WHAT THE EXERCISE ASKS: Below, find the line containing "4) Therefore, the"; from there to the final line, print every line exactly and skip the pictures.

LISTED RECORDS:

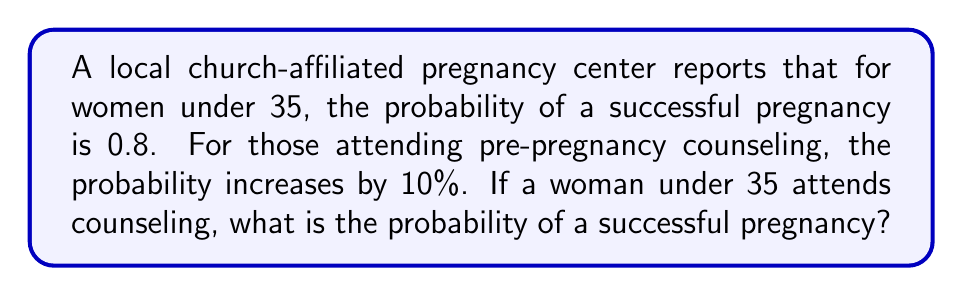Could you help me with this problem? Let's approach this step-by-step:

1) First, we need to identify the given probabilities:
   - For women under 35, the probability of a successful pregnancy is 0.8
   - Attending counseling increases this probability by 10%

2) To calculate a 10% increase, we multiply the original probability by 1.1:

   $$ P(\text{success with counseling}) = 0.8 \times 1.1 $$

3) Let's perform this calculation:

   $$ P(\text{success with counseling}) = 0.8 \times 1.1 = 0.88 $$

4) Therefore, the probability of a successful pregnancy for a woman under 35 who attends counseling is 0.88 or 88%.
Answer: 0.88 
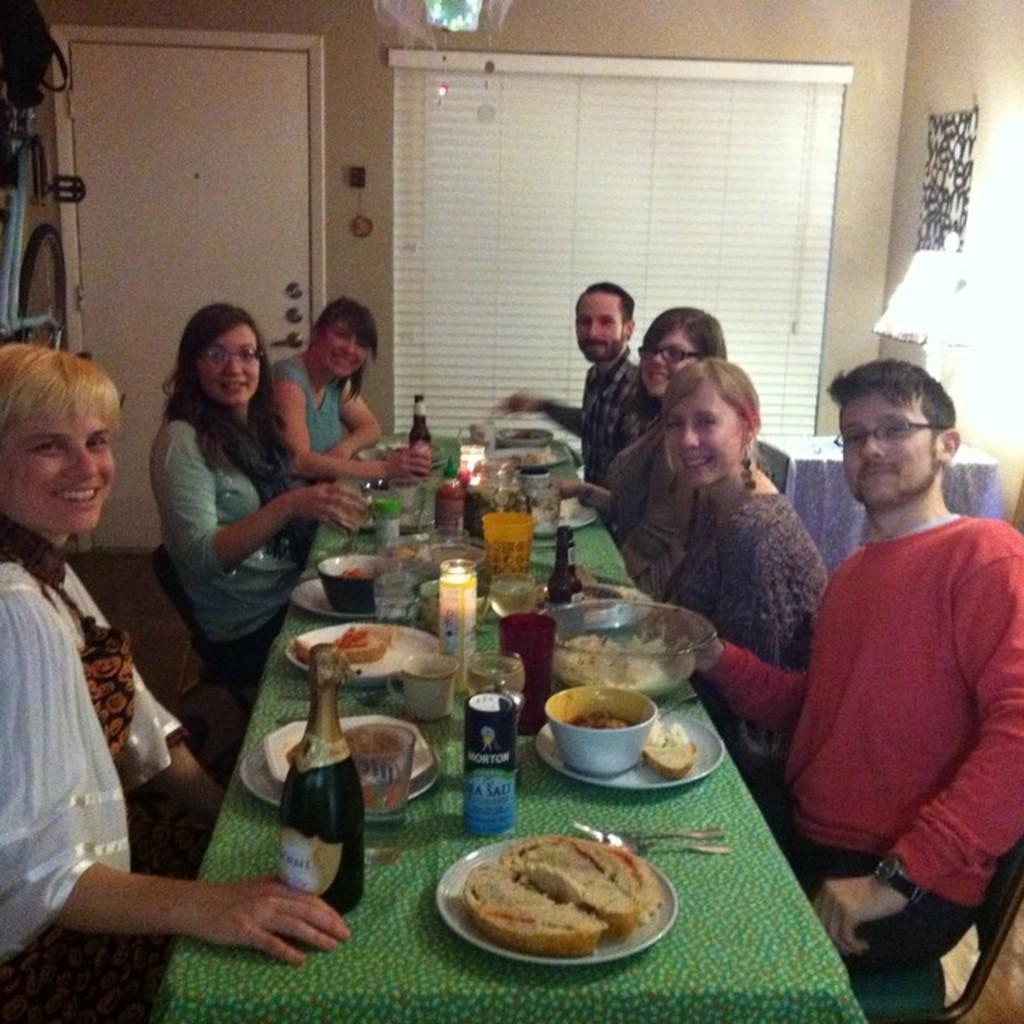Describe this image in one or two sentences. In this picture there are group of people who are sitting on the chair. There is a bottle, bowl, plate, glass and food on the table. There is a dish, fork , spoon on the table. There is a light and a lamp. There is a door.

EXERCISE SOLUTION:
4) Therefore, the probability of a successful pregnancy for a woman under 35 who attends counseling is 0.88 or 88%.
Answer: 0.88 
Describe this image in one or two sentences. In this picture there are group of people who are sitting on the chair. There is a bottle, bowl, plate, glass and food on the table. There is a dish, fork , spoon on the table. There is a light and a lamp. There is a door.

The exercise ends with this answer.